- Exercise -
Write out, from the entries below, exactly the lines that run between the lines holding "maker: wallerant vaillant" and "techniques: mezzotint", inclusive, and stop there.

BEGIN Extracted entries

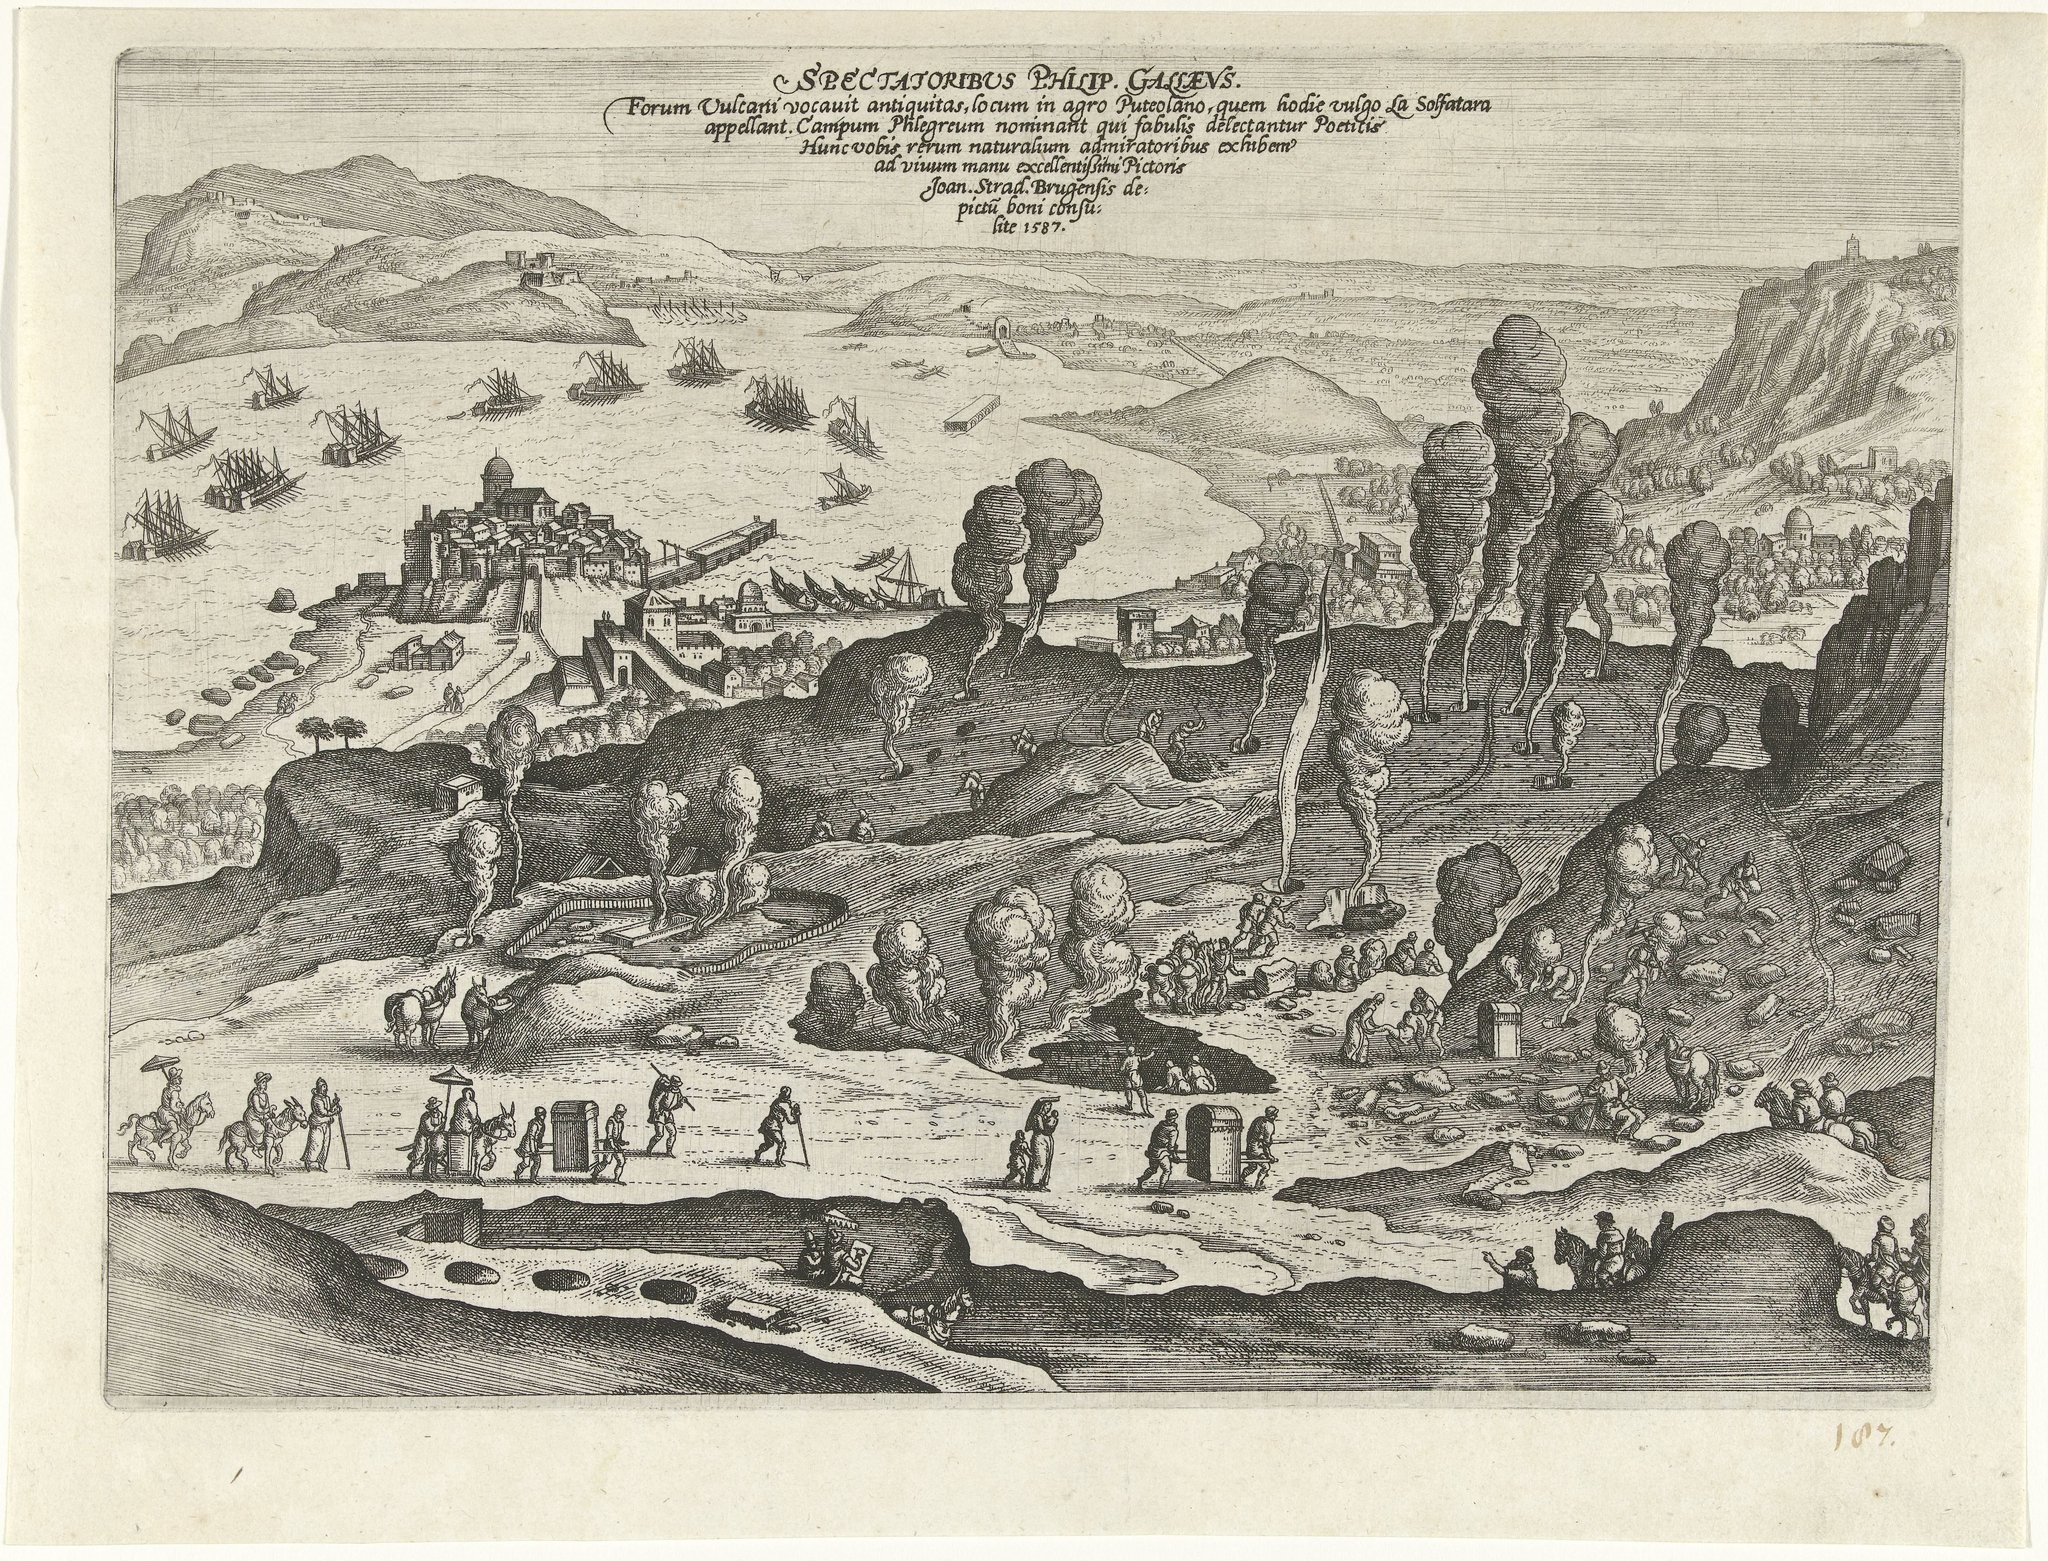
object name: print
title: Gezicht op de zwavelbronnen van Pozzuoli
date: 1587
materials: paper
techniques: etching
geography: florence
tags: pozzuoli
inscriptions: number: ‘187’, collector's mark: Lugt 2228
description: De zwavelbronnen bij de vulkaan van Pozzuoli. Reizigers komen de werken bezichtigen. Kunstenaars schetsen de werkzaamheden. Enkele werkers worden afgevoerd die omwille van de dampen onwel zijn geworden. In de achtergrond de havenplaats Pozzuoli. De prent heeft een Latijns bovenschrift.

END Extracted entries
BEGIN Extracted entries

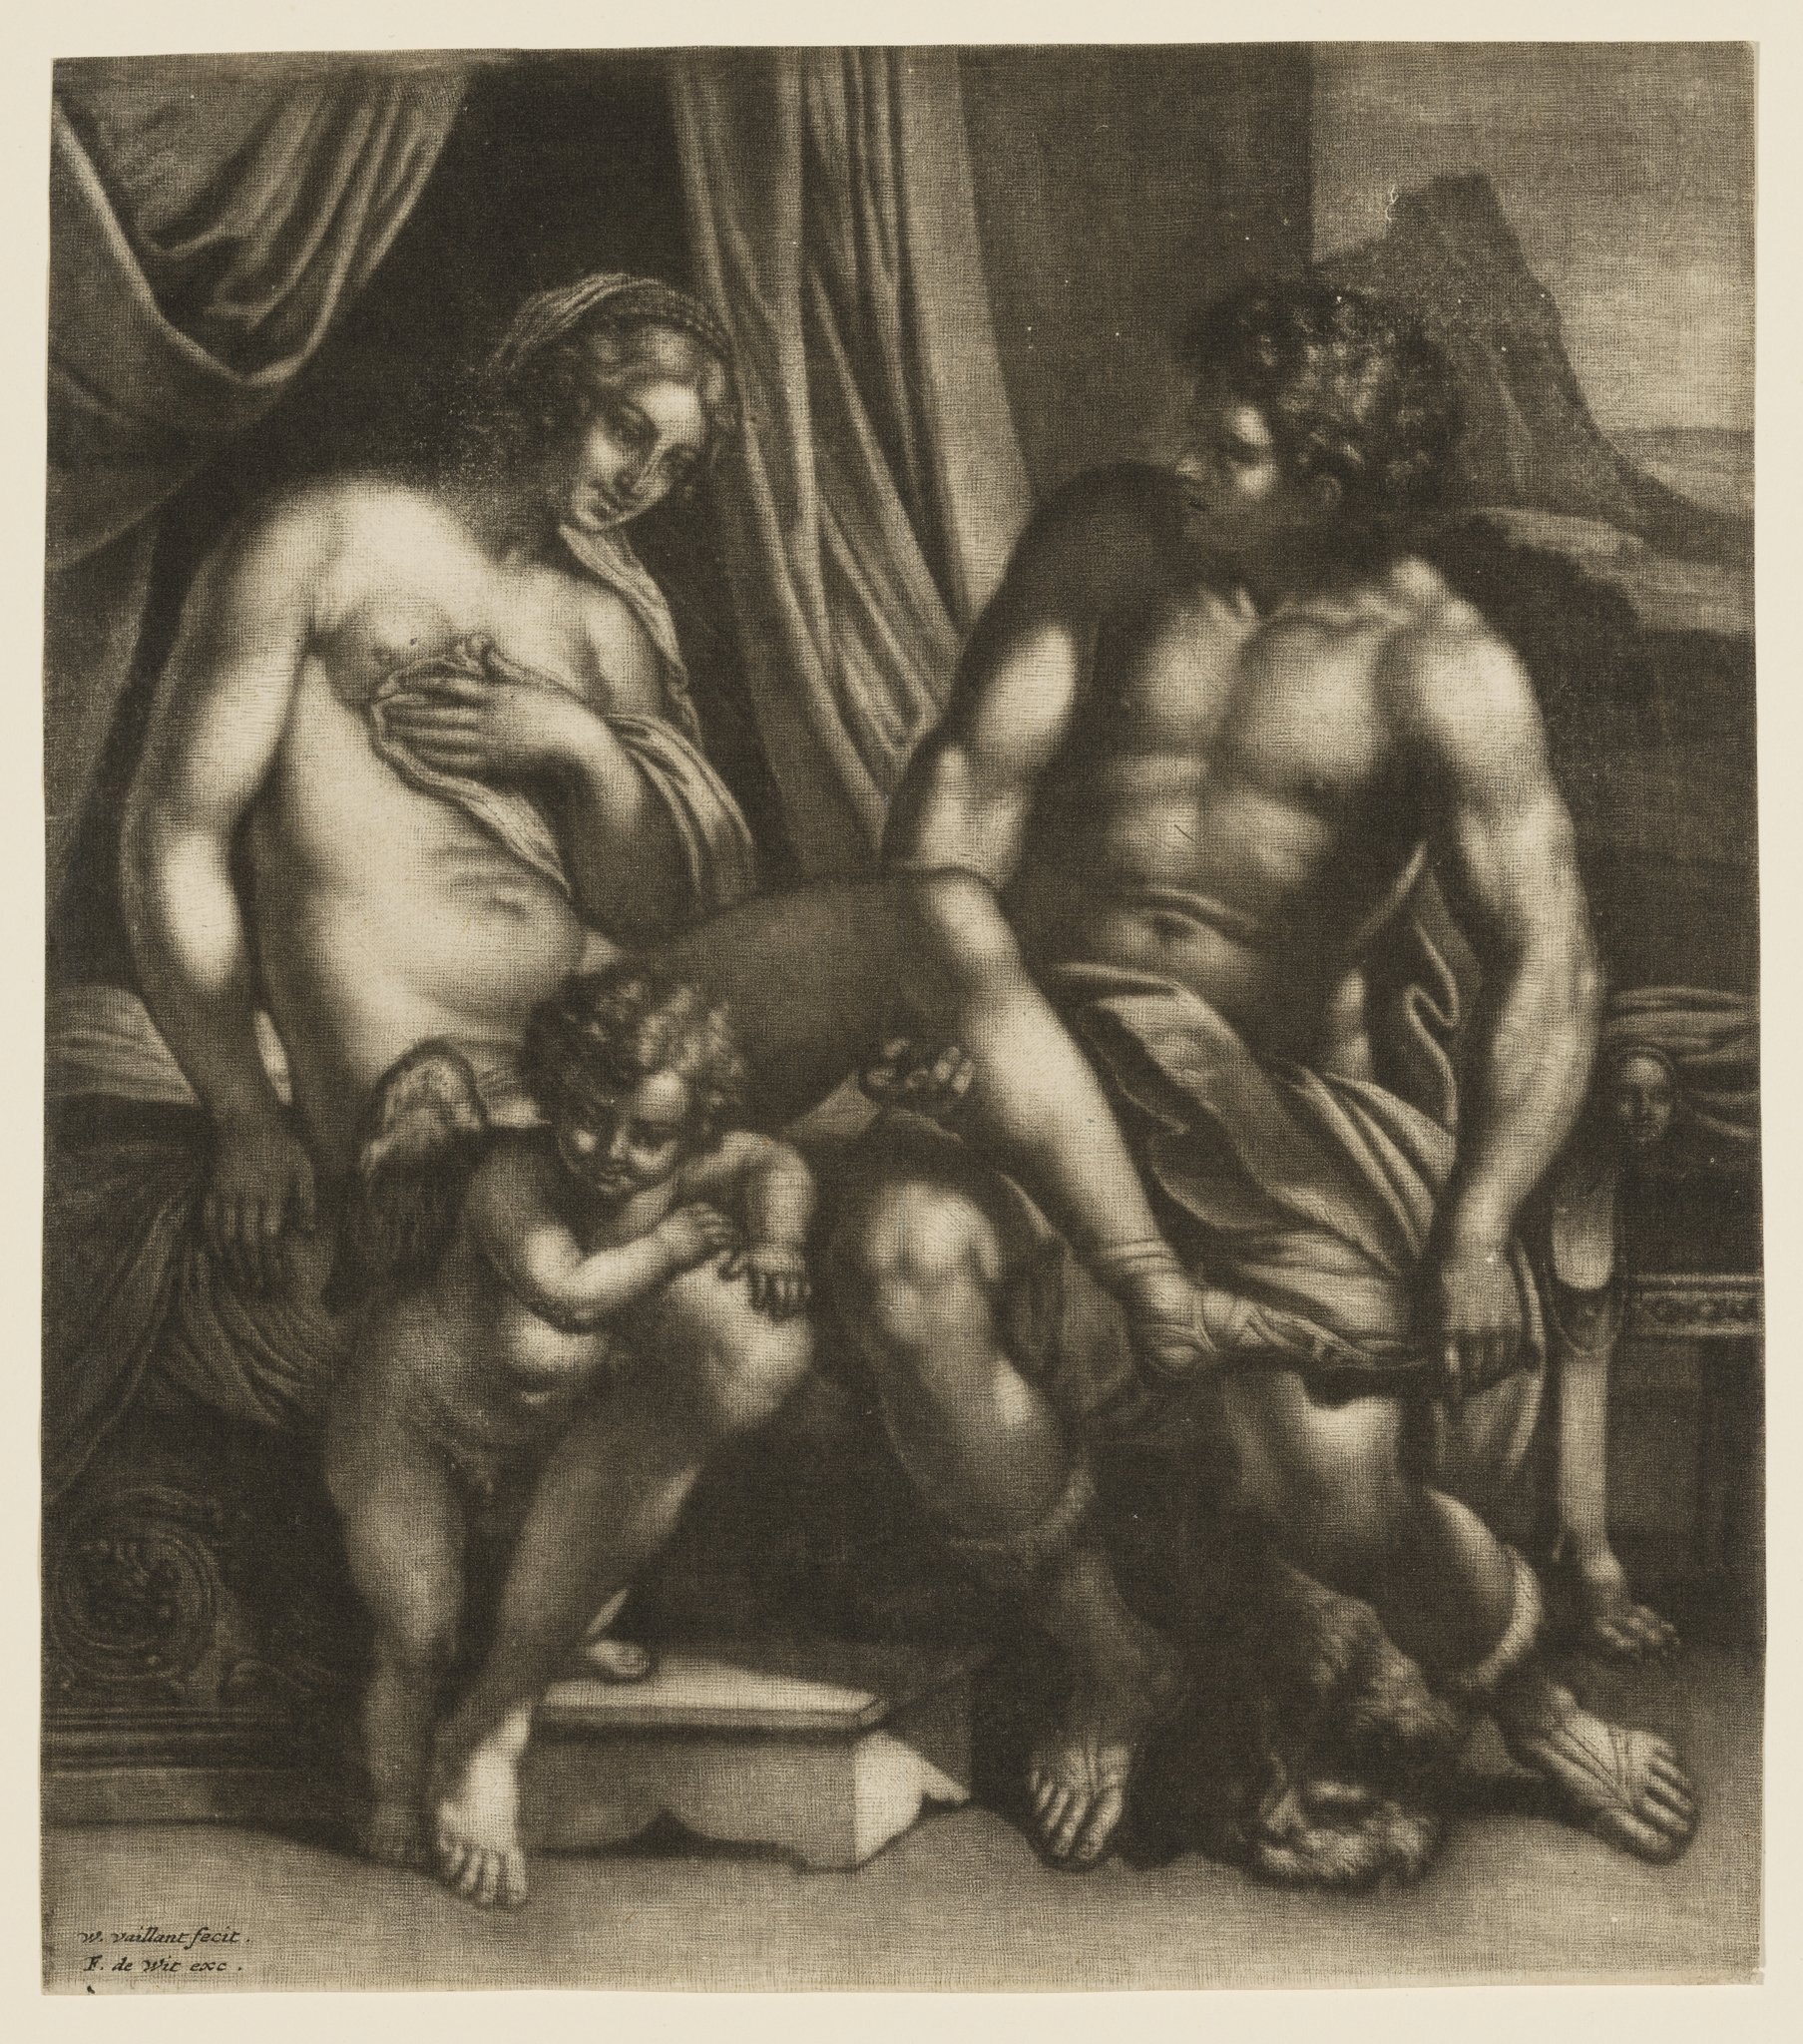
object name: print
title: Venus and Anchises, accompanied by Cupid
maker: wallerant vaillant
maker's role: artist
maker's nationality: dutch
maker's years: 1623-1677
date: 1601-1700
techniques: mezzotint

END Extracted entries

- Your response -
maker: wallerant vaillant
maker's role: artist
maker's nationality: dutch
maker's years: 1623-1677
date: 1601-1700
techniques: mezzotint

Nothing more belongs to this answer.